++++ Listed records ++++

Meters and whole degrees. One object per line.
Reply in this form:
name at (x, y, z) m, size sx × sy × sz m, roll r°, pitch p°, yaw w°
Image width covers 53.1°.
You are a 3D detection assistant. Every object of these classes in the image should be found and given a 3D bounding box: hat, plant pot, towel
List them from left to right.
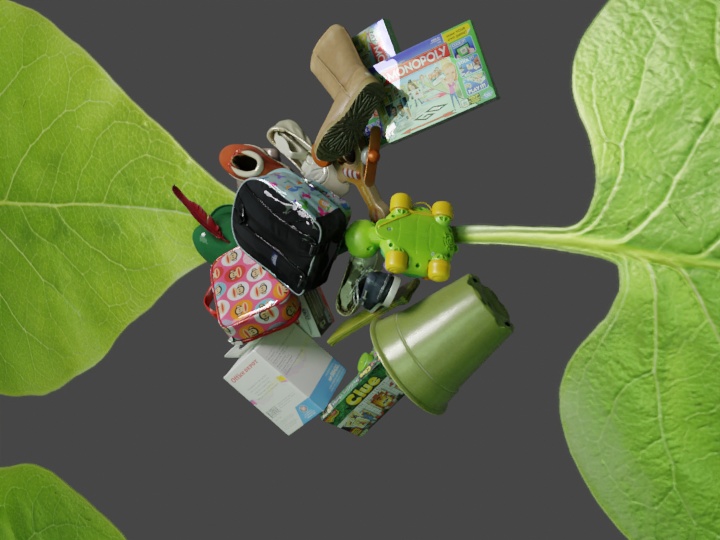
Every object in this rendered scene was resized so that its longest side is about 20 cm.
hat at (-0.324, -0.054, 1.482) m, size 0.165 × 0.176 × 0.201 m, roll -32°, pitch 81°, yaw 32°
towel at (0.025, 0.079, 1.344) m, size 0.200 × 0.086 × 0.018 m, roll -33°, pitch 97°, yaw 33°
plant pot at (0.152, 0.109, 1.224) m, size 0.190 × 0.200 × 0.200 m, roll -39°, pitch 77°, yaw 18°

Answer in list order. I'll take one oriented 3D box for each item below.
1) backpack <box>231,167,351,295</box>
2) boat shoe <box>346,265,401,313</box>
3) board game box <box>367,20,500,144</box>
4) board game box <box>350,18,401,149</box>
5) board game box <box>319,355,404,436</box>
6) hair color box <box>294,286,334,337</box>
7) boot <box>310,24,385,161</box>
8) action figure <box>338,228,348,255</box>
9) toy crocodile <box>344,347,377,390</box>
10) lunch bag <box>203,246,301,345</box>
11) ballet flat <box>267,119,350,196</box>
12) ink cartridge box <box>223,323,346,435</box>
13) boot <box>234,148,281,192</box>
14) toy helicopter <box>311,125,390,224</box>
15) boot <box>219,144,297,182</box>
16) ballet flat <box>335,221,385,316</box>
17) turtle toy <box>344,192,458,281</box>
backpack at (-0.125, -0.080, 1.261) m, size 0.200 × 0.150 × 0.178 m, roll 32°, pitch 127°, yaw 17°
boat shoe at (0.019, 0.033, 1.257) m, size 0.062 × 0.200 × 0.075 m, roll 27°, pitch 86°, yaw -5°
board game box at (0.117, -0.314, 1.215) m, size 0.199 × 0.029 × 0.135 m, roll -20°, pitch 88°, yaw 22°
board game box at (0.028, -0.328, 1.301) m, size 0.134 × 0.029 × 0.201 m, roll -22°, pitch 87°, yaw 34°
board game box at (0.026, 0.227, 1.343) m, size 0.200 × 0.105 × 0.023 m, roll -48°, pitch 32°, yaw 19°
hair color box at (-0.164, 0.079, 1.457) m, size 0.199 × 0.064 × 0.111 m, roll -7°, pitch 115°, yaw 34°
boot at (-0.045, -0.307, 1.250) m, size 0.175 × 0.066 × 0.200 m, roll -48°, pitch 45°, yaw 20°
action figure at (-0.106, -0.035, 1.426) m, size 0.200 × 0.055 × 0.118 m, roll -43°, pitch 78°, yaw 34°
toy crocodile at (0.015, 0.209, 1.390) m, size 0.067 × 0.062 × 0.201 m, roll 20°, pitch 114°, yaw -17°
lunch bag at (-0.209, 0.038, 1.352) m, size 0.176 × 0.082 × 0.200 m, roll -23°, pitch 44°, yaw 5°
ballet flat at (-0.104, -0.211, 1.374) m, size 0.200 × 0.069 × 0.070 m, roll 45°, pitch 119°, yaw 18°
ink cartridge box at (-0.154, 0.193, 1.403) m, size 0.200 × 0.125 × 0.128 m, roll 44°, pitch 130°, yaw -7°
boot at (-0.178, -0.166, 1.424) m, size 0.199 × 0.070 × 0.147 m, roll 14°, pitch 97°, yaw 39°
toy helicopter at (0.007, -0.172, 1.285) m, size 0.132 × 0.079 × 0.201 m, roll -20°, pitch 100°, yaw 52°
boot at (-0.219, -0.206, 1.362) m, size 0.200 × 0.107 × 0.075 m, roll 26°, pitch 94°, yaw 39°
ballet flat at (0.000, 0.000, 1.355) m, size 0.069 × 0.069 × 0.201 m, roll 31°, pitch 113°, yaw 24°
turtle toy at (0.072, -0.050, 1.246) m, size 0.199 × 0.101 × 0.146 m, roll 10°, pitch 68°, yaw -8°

++++

Only the lines above starting at the one containing "3) board game box <box>367,20,500,144</box>" and ending at the one containing "16) ballet flat <box>335,221,385,316</box>", both included, are to be returned, exactly as they read.

| Solution to the exercise |
3) board game box <box>367,20,500,144</box>
4) board game box <box>350,18,401,149</box>
5) board game box <box>319,355,404,436</box>
6) hair color box <box>294,286,334,337</box>
7) boot <box>310,24,385,161</box>
8) action figure <box>338,228,348,255</box>
9) toy crocodile <box>344,347,377,390</box>
10) lunch bag <box>203,246,301,345</box>
11) ballet flat <box>267,119,350,196</box>
12) ink cartridge box <box>223,323,346,435</box>
13) boot <box>234,148,281,192</box>
14) toy helicopter <box>311,125,390,224</box>
15) boot <box>219,144,297,182</box>
16) ballet flat <box>335,221,385,316</box>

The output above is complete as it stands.